◆ **DATA FOR ANALYSIS**:

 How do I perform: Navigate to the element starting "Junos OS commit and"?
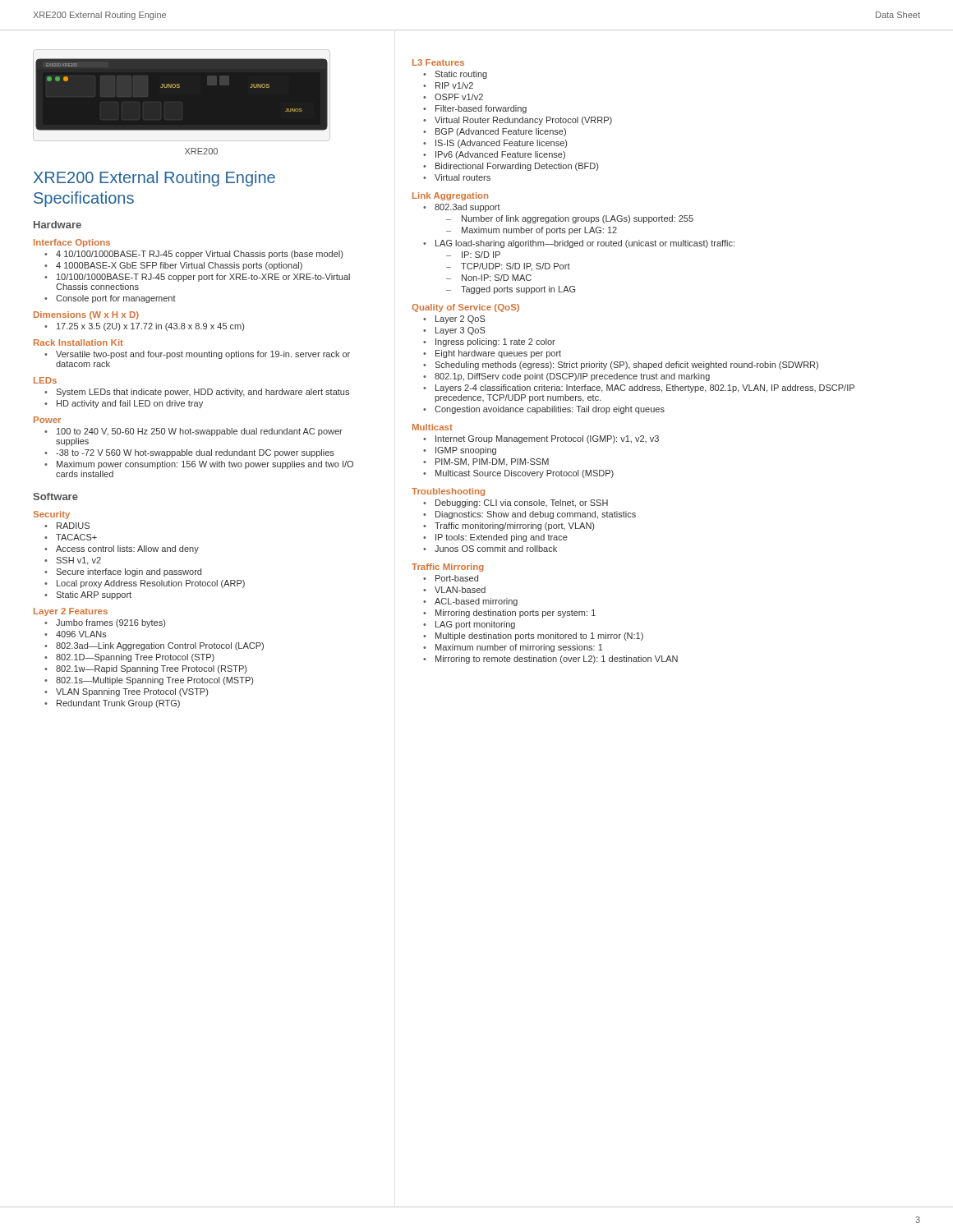click(496, 549)
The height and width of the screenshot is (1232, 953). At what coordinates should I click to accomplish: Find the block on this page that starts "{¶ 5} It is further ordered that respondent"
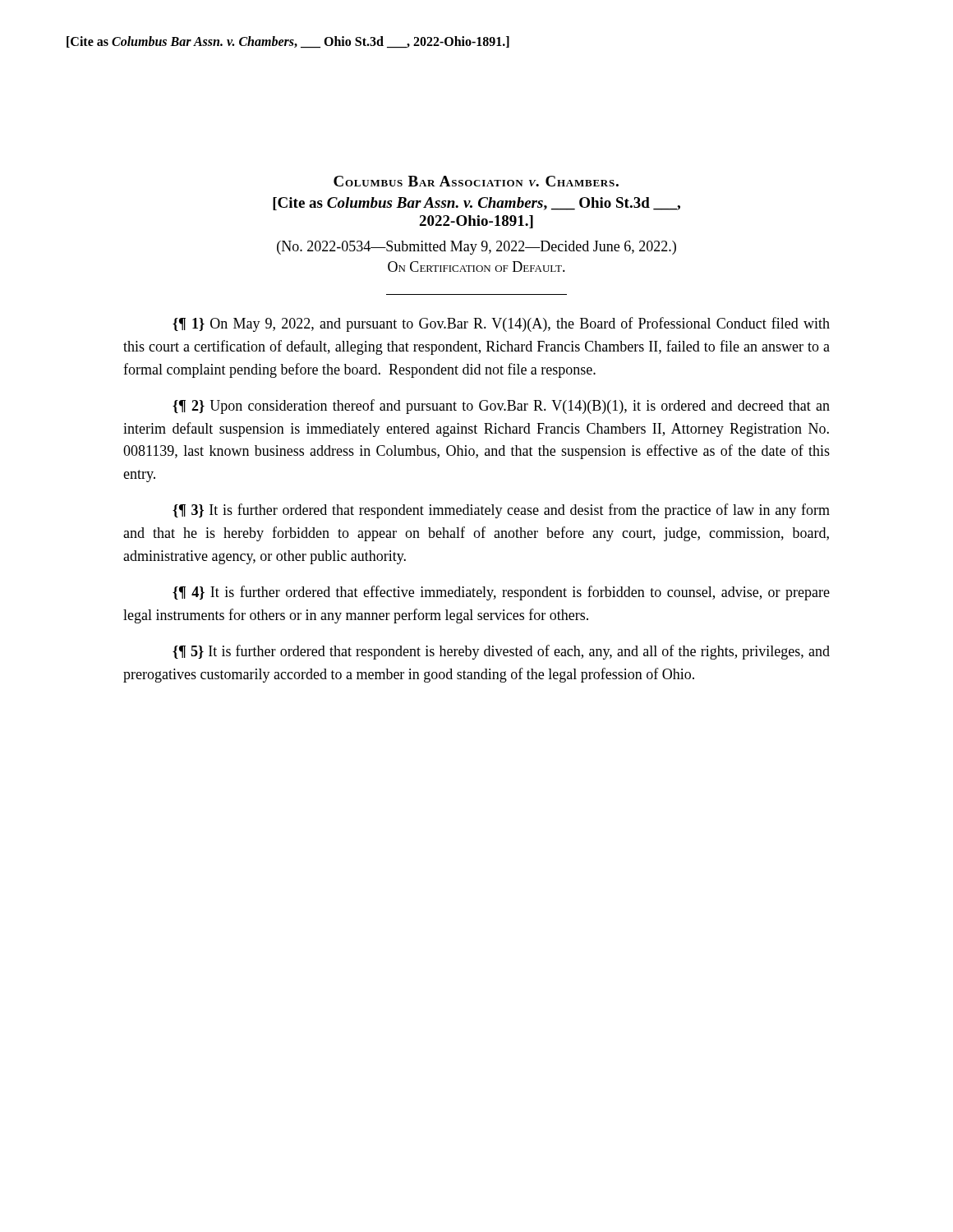(x=476, y=663)
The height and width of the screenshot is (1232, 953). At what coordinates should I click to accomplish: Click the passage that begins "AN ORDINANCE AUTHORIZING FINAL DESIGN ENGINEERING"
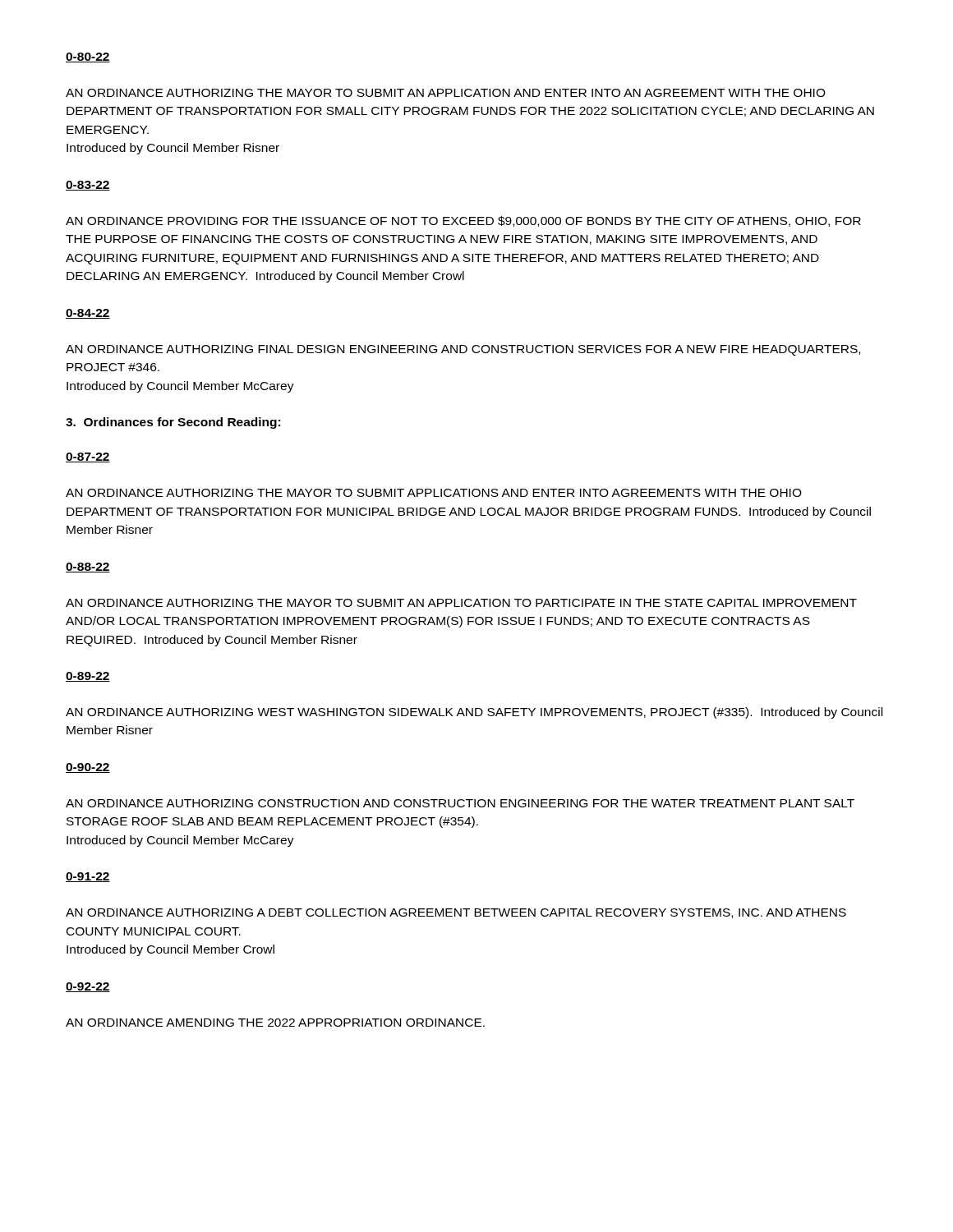click(463, 350)
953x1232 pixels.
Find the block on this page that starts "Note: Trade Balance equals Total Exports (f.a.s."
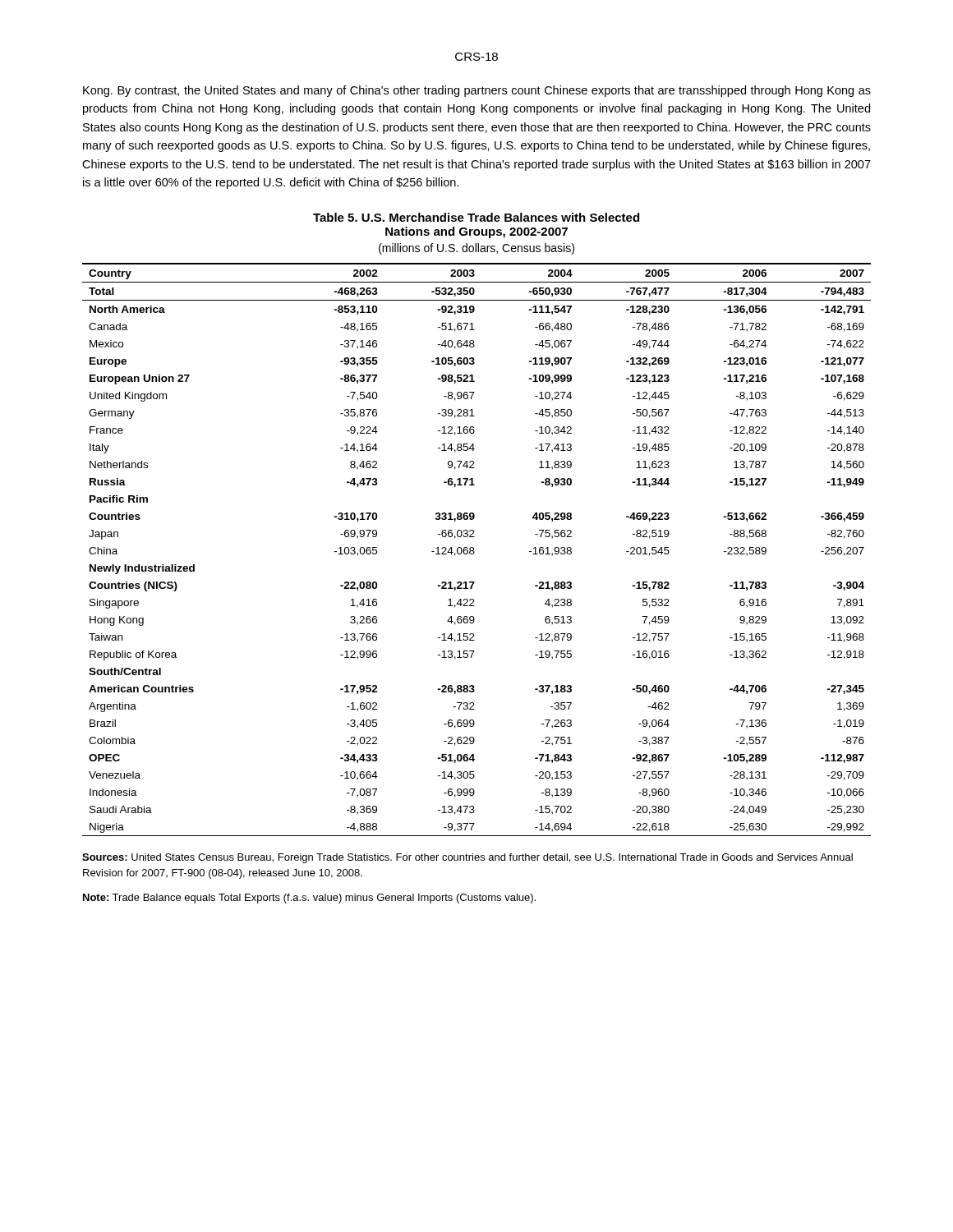point(309,897)
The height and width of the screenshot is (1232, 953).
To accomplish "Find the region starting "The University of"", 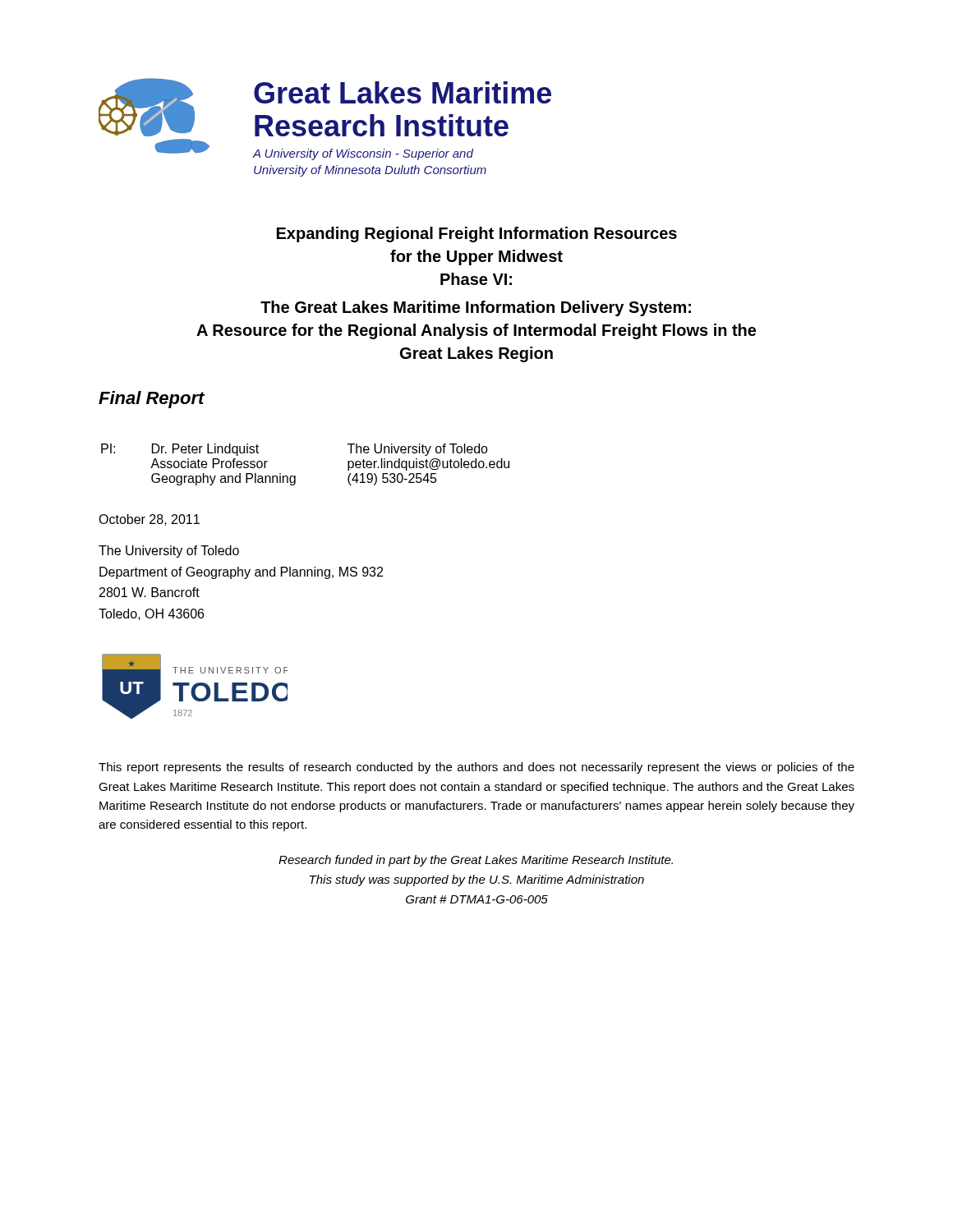I will click(241, 582).
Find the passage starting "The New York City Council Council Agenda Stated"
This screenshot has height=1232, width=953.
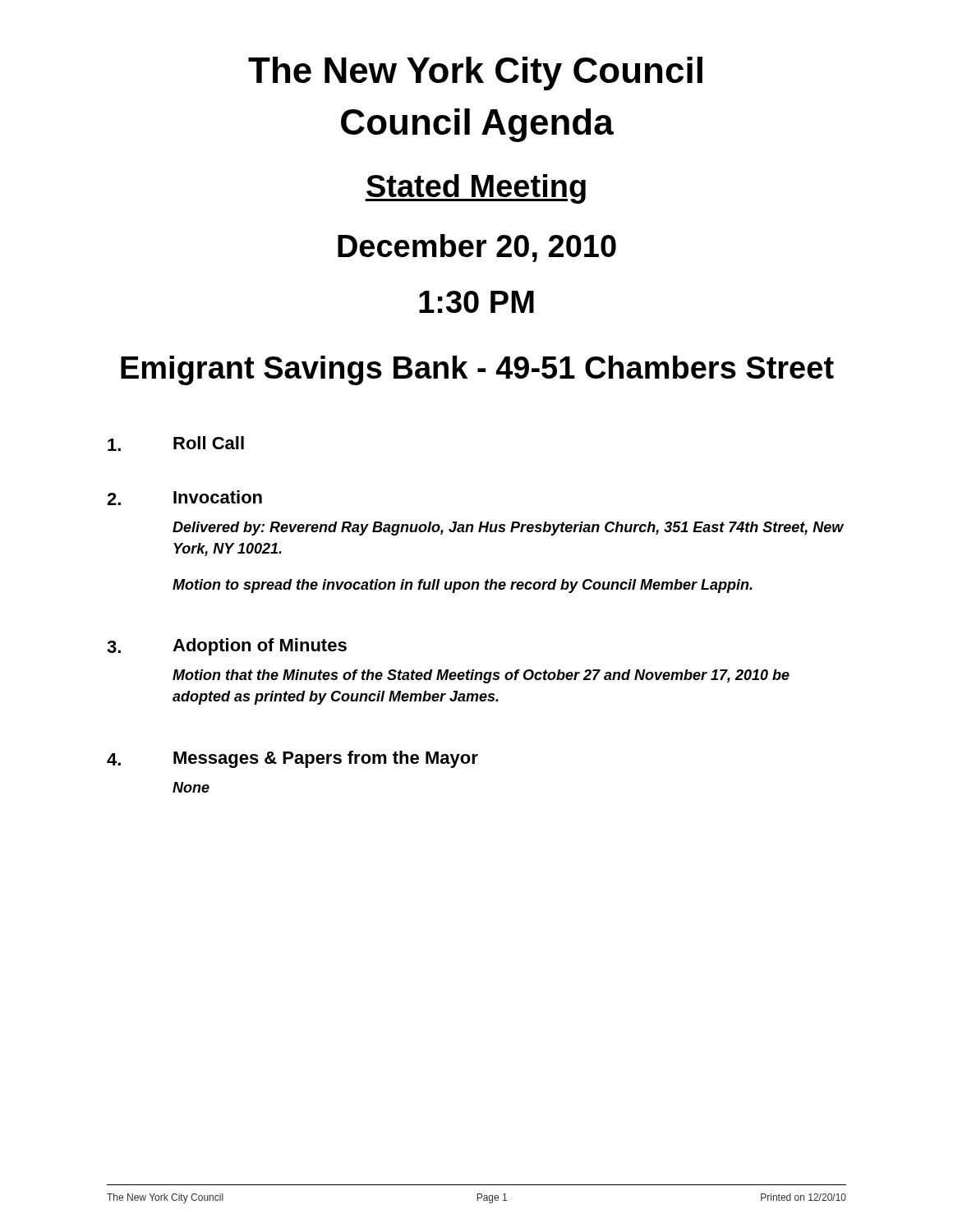476,218
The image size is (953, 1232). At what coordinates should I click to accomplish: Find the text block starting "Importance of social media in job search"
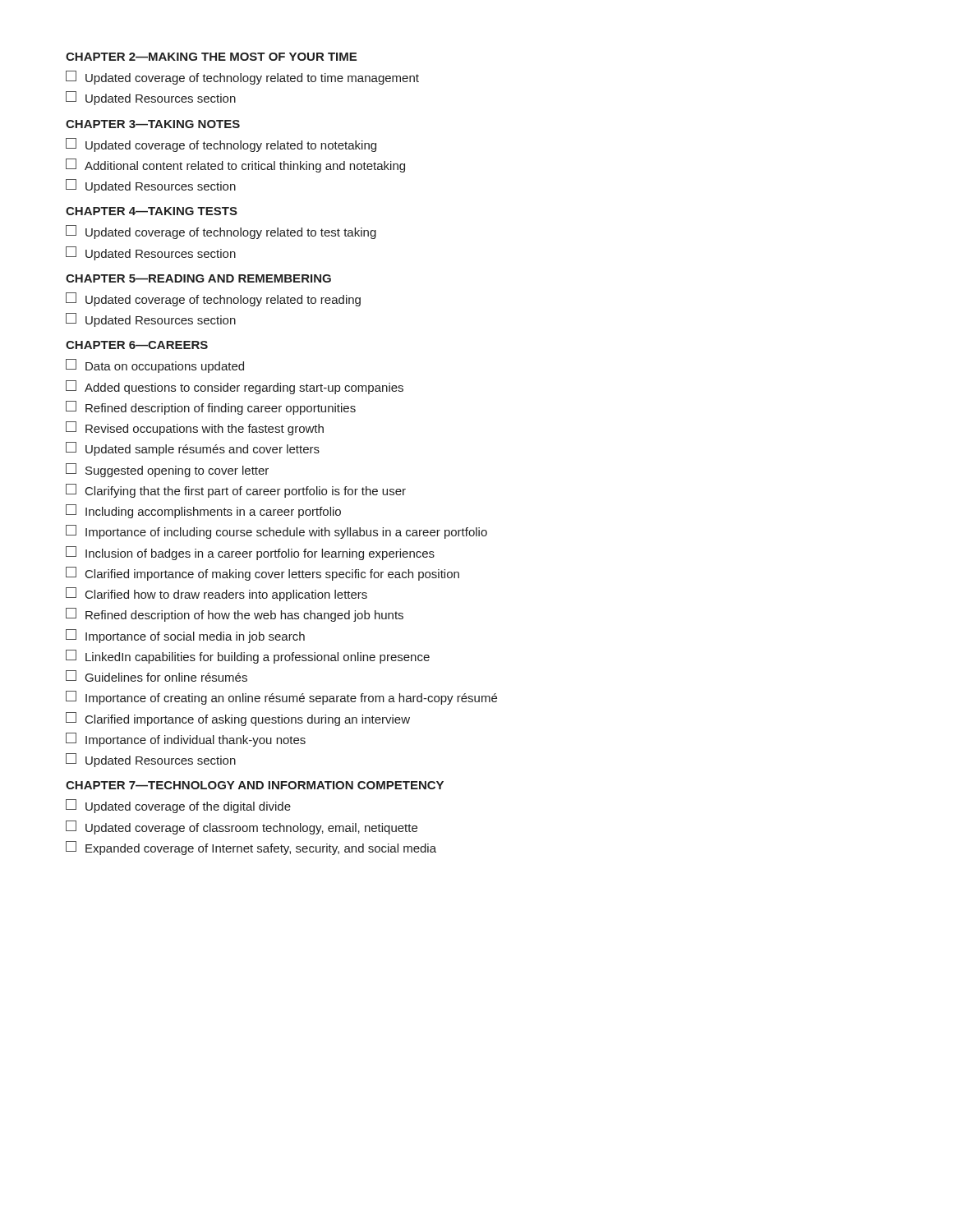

◆ **WHAT IS EXPECTED**:
Given the listing above, repeat exactly the lines starting at the one with "It is further" and ending at the one with "953x1232 pixels.", inclusive, excluding pictures.

◆ **ANSWER SECTION**:
The height and width of the screenshot is (1232, 953). At what coordinates should I click to accomplish: Find the block on this page that starts "{¶ 5} It is further ordered that respondent"
(x=476, y=663)
The height and width of the screenshot is (1232, 953). At what coordinates should I click to accomplish: Click the passage that begins "AN ORDINANCE AUTHORIZING FINAL DESIGN ENGINEERING"
click(463, 350)
953x1232 pixels.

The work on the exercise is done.